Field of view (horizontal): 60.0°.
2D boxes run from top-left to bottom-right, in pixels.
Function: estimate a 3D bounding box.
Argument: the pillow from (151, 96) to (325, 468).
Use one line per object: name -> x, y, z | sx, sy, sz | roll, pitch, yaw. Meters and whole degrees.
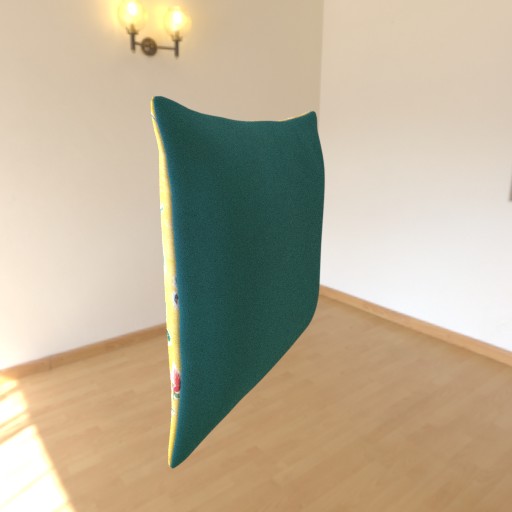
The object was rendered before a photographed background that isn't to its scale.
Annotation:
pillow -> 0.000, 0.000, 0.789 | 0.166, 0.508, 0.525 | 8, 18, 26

DESCRIPTION OF THE TASK. Every line of the listing above that contains "from" is to be copied.

ANSWER BOX.
2D boxes run from top-left to bottom-right, in pixels.
Argument: the pillow from (151, 96) to (325, 468).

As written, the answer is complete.